Dengan rendah hati, ia menyebut penonton sebagai orang yang datang untuk "berbagi musik", dan untuk itu ia mengucapkan terimakasih. Dalam keremangan lampu panggung, wajah Kitaro tampak lebih tua daripada umurnya. Rambutnya dibiarkan tergerai di punggung, menjuntai, kadang berkibar. Ia mengenakan baju yang memanjang sampai ke mata kakinya.
Setelah memainkan tiga lagu dari album-album barunya yang mungkin sudah tak dikenal lagi oleh penggemar lamanya, Kitaro membuat penonton berseru girang dengan lagu 'Caravan'. Ini adalah salah satu lagu lamanya yang telah jadi abadi. Tapi, Kitaro menyebutnya sebagai lagu baru, karena lagu itu dimainkan malam itu.
SCROLL TO CONTINUE WITH CONTENT
Dikenal sebagai musisi pengusung new age, dengan style yang kontemplatif, Kitaro yang belakangan menetap di Amerika adalah musisi "kotemporer" yang relatif diterima kalangan luas. Musiknya lebih mengandalkan rasa dan "mood" ketimbang komposisi sehingga mudah dinikmati. Ini berbeda dengan musisi komtemporer umumnya yang berpretensi "high art".
Kini, pada zaman ketika pelatihan dan motivasi menjadi "bisnis kesuksesan" di mana-mana, musik Kitaro adalah salah satu alat bantu, seperti yang dipraktikkan oleh ESQ-nya Ary Ginanjar. Tidak hanya itu, di ruang-ruang latihan yoga, reiki, meditasi dan gaya hidup sehat lainnya, musik Kitaro adalah medium untuk mencapai puncak ketenangan jiwa.
Generasi baru sekarang mungkin lebih mengenal Kitaro lewat album-album kompilasi bertajuk "Chill Out", "Asian Cafe" ataupun "Voyage" semacam itu. Banyak yang bilang bahwa musik Kitaro hanya cocok untuk didengarkan, dan tidak untuk disaksikan dalam sebuah pertunjukan konser. Namun, malam itu, Kitaro membuktikan bahwa musiknya tetap spektakuler disaksikan secara live.
Konser berharga tiket antara Rp 500 ribu hingga Rp 4 juta itu merupakan bagian dari rangkaian dari "Kitaro World Tour 2011". Selama dua jam, Kitaro membawakan 10 lagu, plus satu lagu bonus.
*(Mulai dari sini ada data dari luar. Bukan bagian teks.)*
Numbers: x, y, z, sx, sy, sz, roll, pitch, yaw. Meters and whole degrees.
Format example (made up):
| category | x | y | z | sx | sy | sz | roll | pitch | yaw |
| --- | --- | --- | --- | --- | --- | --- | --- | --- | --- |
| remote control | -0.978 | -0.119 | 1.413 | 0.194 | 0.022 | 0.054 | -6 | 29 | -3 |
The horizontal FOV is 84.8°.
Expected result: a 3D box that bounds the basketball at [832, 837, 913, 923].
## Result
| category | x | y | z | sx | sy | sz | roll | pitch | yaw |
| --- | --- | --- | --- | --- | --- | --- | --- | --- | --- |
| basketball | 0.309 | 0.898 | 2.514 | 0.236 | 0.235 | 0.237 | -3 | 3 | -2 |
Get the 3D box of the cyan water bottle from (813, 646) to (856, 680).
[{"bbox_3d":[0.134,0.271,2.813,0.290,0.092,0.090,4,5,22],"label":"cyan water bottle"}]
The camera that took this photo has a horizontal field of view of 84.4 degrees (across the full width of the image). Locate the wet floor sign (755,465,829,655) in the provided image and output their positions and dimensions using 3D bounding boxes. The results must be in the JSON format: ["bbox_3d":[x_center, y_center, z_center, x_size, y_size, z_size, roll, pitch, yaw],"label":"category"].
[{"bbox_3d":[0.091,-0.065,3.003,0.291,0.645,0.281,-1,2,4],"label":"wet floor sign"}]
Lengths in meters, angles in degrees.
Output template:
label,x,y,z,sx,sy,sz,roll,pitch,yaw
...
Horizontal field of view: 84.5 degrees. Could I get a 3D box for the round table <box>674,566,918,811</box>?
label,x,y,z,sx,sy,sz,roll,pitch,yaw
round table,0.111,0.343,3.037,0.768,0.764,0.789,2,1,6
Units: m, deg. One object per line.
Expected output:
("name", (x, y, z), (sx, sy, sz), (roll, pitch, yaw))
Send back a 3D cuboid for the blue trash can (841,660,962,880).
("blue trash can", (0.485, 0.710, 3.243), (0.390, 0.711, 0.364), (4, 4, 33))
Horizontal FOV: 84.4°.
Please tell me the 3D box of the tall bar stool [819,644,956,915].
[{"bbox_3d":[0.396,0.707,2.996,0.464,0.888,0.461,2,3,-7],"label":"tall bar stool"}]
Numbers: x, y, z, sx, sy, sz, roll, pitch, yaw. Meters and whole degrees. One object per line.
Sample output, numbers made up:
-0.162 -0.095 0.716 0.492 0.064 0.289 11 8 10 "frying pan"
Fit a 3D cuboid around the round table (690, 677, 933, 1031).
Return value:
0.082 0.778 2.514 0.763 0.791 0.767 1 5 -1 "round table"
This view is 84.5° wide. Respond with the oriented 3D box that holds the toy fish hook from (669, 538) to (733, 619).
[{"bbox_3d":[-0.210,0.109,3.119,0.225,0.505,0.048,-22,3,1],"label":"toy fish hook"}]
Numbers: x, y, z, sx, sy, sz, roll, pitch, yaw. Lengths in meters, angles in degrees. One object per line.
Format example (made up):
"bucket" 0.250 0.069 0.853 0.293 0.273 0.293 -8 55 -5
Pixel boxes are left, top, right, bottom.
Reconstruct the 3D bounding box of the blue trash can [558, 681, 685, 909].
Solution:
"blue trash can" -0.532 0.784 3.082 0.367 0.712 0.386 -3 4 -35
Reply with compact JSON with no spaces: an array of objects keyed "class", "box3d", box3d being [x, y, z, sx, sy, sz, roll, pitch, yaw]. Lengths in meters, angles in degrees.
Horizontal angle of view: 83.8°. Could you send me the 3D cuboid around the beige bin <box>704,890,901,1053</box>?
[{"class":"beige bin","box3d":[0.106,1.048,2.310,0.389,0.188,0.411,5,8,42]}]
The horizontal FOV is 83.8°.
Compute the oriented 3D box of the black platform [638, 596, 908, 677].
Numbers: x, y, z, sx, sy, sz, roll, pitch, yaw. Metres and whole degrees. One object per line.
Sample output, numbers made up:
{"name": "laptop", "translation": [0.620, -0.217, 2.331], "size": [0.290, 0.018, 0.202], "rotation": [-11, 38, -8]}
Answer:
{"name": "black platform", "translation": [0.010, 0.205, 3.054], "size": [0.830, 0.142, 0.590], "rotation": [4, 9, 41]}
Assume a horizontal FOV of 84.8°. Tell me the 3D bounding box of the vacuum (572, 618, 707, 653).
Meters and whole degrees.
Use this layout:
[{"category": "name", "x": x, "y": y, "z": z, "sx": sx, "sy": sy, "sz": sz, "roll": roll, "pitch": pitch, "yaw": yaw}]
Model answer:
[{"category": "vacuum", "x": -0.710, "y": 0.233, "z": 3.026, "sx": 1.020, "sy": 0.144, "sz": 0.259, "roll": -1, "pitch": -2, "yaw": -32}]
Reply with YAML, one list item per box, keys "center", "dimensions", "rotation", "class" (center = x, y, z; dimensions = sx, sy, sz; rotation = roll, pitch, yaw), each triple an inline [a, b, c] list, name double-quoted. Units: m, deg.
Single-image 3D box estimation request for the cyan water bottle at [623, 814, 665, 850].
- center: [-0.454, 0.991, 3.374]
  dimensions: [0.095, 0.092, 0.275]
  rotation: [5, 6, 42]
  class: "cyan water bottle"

Banyak lagu hit-nya yang mungkin palin ditunggu penonton, ternyata justru tidak dimainkan. Seperti 'Silk Road', 'Sundance' atau pun 'Koi'. Dari salah satu sudut terdengar teriakan meminta lagu 'The Light of the Spirit'.
'Caravan', ditambah dengan 'Heaven and Earth' dan 'Matsuri' rupanya belum cukup memenuhi hasrat penonton untuk mendapatkan kepuasan maksimal dari konser musisi idola mereka. Sebagian dari mereka adalah penggemar yang sudah menyaksikan konser Kitaro pada 1996, dan sebagian lagu adalah penggemar yang kala itu masih jadi aktivis mahasiswa atau pendaki gunung, yang kini sudah menjadi brand manager yang sukses.
Dengan lighting yang teatrikal, termasuk gaya Kitaro sendiri yang dinamis, lincah, berpindah-pindah-pindah dari satu alat musik ke alat musik lain, secara umum konser malam itu boleh dibilang kurang memuaskan. Setiap lagu dibawakan nyaris tanpa ekspresi yang baru, dan diselesaikan dengan agak buru-buru. Lagu 'Matsuri' yang panjang berliku, memang tetap terasa "nyes", tapi kok ya seperti ada yang kurang.
Mungkin seiring dengan bertambahnya usia (Kitaro lahir pada 1953), energi sang maestro memang sudah berkurang. Penonton pun, yang sebagian besar juga sudah berumur, tampaknya tak terlalu ingin pulang malam, sehingga meskipun konser terasa berakhir terlalu cepat, tak ada teriakan 'more, more'. Mereka lebih memilih untuk segera menyerbu menyerbu meja penjualan CD Kitaro di lobi, untuk didengarkan di rumah, sampai puas.